SOURCE DATA section start

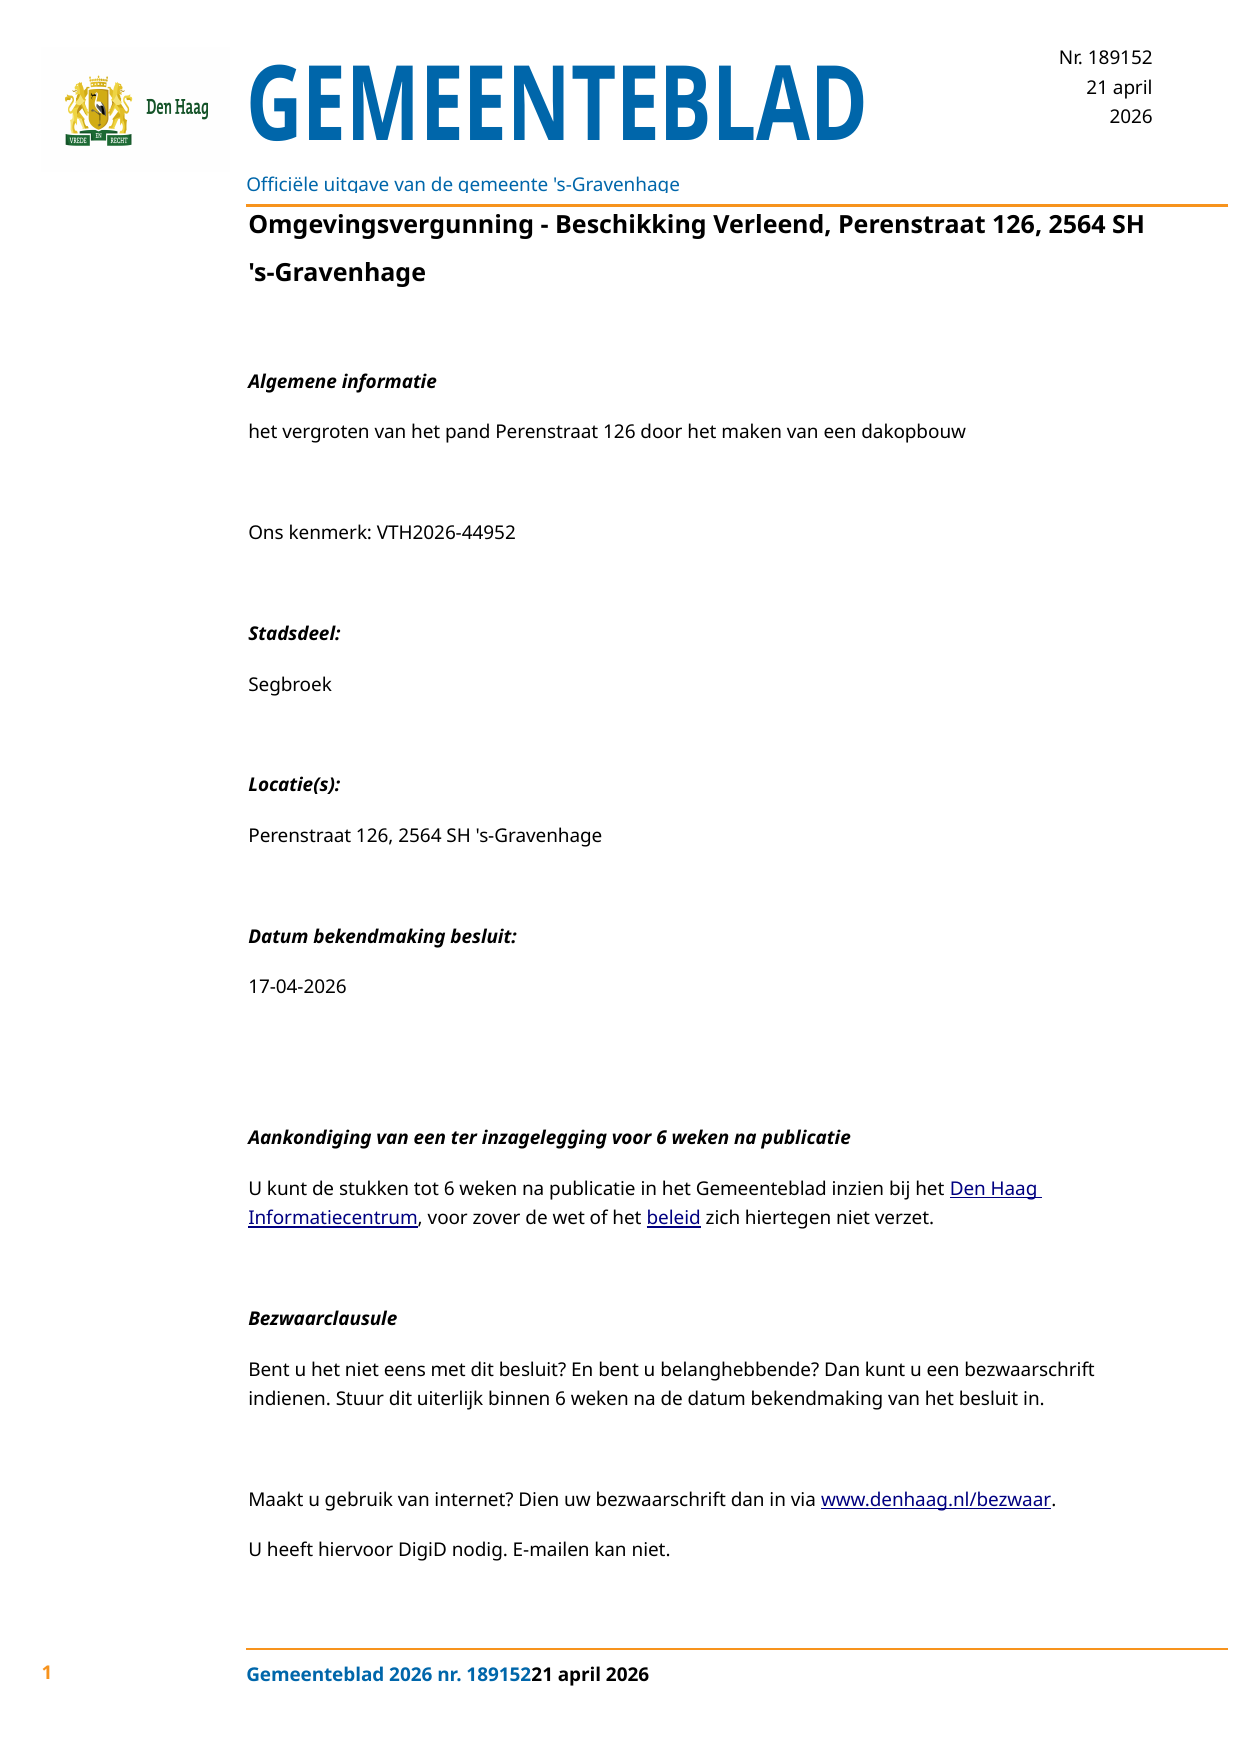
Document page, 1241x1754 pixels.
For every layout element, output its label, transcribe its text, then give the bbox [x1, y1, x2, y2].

text Bezwaarclausule [248, 1305, 1152, 1331]
text het vergroten van het pand Perenstraat 126 door het maken van een dakopbouw [248, 419, 1152, 444]
text Maakt u gebruik van internet? Dien uw bezwaarschrift dan in via www.denhaag.nl/bezwaar. [248, 1486, 1152, 1512]
text Bent u het niet eens met dit besluit? En bent u belanghebbende? Dan kunt u een bezwaarschrift indienen. Stuur dit uiterlijk binnen 6 weken na de datum bekendmaking van het besluit in. [248, 1356, 1152, 1411]
text Aankondiging van een ter inzagelegging voor 6 weken na publicatie [248, 1124, 1152, 1150]
text U kunt de stukken tot 6 weken na publicatie in het Gemeenteblad inzien bij het Den Haag Informatiecentrum, voor zover de wet of het beleid zich hiertegen niet verzet. [248, 1175, 1152, 1230]
text Segbroek [248, 671, 1152, 697]
text Stadsdeel: [248, 620, 1152, 646]
text U heeft hiervoor DigiD nodig. E-mailen kan niet. [248, 1537, 1152, 1562]
text Locatie(s): [248, 772, 1152, 797]
text Perenstraat 126, 2564 SH 's-Gravenhage [248, 822, 1152, 848]
text Datum bekendmaking besluit: [248, 923, 1152, 949]
text Omgevingsvergunning - Beschikking Verleend, Perenstraat 126, 2564 SH 's-Gravenhage [248, 207, 1152, 288]
picture [41, 47, 231, 172]
text Algemene informatie [248, 368, 1152, 394]
text Ons kenmerk: VTH2026-44952 [248, 519, 1152, 545]
text 17-04-2026 [248, 973, 1152, 999]
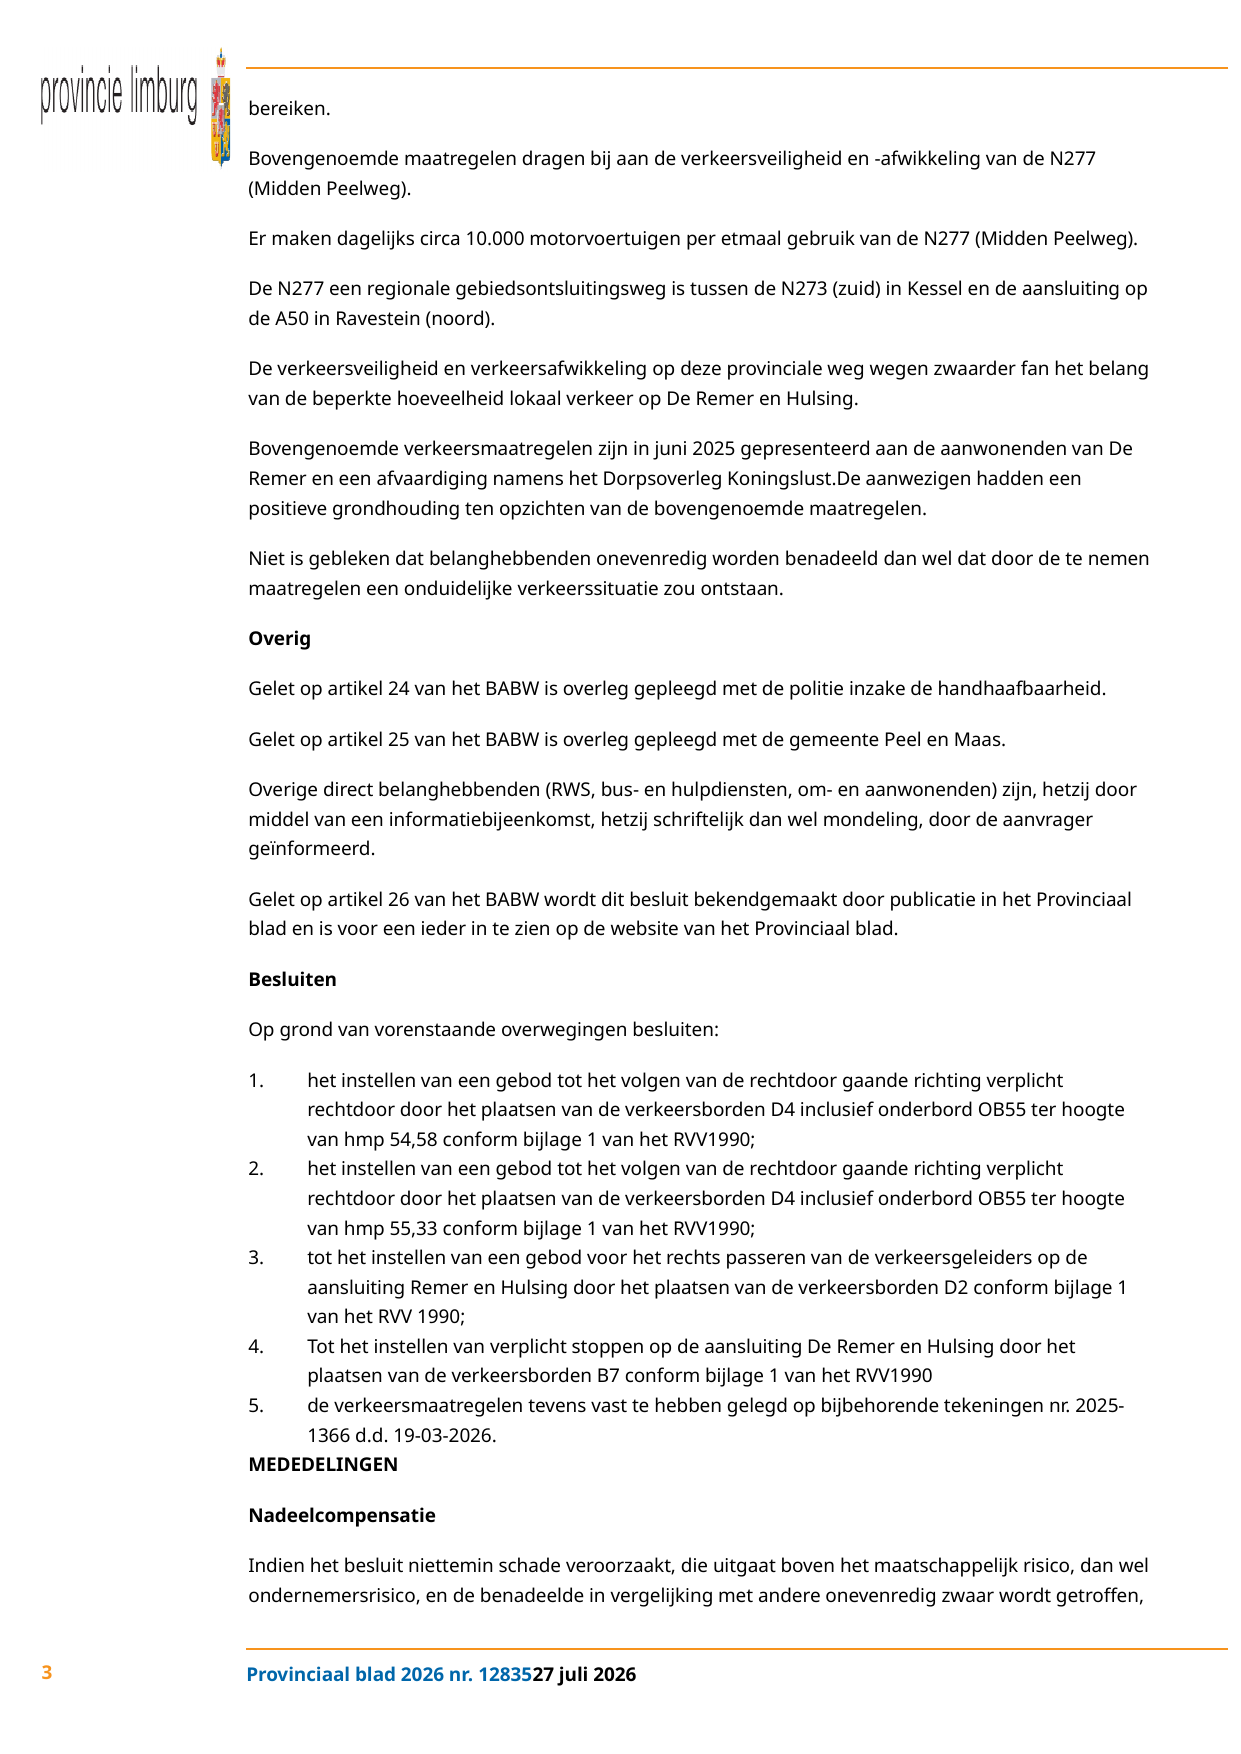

SOURCE DATA section end

- [WHAT THE TASK REQUIRES]
Please write out the lines above exactly, from the one that contains "text het vergroten" through the final line, and include none of the pictures.

- [PROBLEM SOLUTION]
text het vergroten van het pand Perenstraat 126 door het maken van een dakopbouw [248, 419, 1152, 444]
text Maakt u gebruik van internet? Dien uw bezwaarschrift dan in via www.denhaag.nl/bezwaar. [248, 1486, 1152, 1512]
text Bent u het niet eens met dit besluit? En bent u belanghebbende? Dan kunt u een bezwaarschrift indienen. Stuur dit uiterlijk binnen 6 weken na de datum bekendmaking van het besluit in. [248, 1356, 1152, 1411]
text Aankondiging van een ter inzagelegging voor 6 weken na publicatie [248, 1124, 1152, 1150]
text U kunt de stukken tot 6 weken na publicatie in het Gemeenteblad inzien bij het Den Haag Informatiecentrum, voor zover de wet of het beleid zich hiertegen niet verzet. [248, 1175, 1152, 1230]
text Segbroek [248, 671, 1152, 697]
text Stadsdeel: [248, 620, 1152, 646]
text U heeft hiervoor DigiD nodig. E-mailen kan niet. [248, 1537, 1152, 1562]
text Locatie(s): [248, 772, 1152, 797]
text Perenstraat 126, 2564 SH 's-Gravenhage [248, 822, 1152, 848]
text Datum bekendmaking besluit: [248, 923, 1152, 949]
text Omgevingsvergunning - Beschikking Verleend, Perenstraat 126, 2564 SH 's-Gravenhage [248, 207, 1152, 288]
picture [41, 47, 231, 172]
text Algemene informatie [248, 368, 1152, 394]
text Ons kenmerk: VTH2026-44952 [248, 519, 1152, 545]
text 17-04-2026 [248, 973, 1152, 999]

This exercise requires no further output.